> _Assignment_:
Every line of the entries below from the one containing "Answer: Surface Finishing" to the one containing "Answer: Fiber Treatment, Frame", both ends included, must be written out exactly. No other line belongs in the answer.

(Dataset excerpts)
################

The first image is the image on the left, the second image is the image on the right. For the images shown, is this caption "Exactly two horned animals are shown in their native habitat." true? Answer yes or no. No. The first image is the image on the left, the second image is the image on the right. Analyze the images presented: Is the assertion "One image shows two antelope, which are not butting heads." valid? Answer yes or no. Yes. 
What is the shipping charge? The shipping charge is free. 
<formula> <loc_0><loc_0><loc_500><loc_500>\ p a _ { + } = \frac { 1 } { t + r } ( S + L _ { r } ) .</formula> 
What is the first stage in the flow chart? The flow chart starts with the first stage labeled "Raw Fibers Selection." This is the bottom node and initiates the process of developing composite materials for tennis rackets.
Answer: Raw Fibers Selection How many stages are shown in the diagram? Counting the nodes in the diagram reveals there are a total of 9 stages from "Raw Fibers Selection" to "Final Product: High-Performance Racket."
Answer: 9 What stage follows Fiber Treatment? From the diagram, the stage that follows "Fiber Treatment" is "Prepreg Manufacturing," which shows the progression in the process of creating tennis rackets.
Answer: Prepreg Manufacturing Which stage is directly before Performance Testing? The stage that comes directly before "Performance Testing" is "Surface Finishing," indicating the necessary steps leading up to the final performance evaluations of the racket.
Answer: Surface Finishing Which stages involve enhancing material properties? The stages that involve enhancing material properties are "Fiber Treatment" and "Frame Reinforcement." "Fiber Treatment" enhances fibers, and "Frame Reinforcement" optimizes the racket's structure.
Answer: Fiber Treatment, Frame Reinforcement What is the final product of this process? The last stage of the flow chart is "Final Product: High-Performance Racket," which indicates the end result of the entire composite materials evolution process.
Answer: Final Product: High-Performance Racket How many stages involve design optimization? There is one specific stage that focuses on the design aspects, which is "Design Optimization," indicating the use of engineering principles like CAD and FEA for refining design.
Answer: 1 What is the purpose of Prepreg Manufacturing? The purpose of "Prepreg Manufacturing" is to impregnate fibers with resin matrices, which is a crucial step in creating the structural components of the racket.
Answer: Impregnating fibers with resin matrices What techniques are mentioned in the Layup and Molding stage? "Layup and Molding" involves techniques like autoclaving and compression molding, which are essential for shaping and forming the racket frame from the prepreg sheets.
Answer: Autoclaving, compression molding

################

> _Task solution_:
Answer: Surface Finishing Which stages involve enhancing material properties? The stages that involve enhancing material properties are "Fiber Treatment" and "Frame Reinforcement." "Fiber Treatment" enhances fibers, and "Frame Reinforcement" optimizes the racket's structure.
Answer: Fiber Treatment, Frame Reinforcement What is the final product of this process? The last stage of the flow chart is "Final Product: High-Performance Racket," which indicates the end result of the entire composite materials evolution process.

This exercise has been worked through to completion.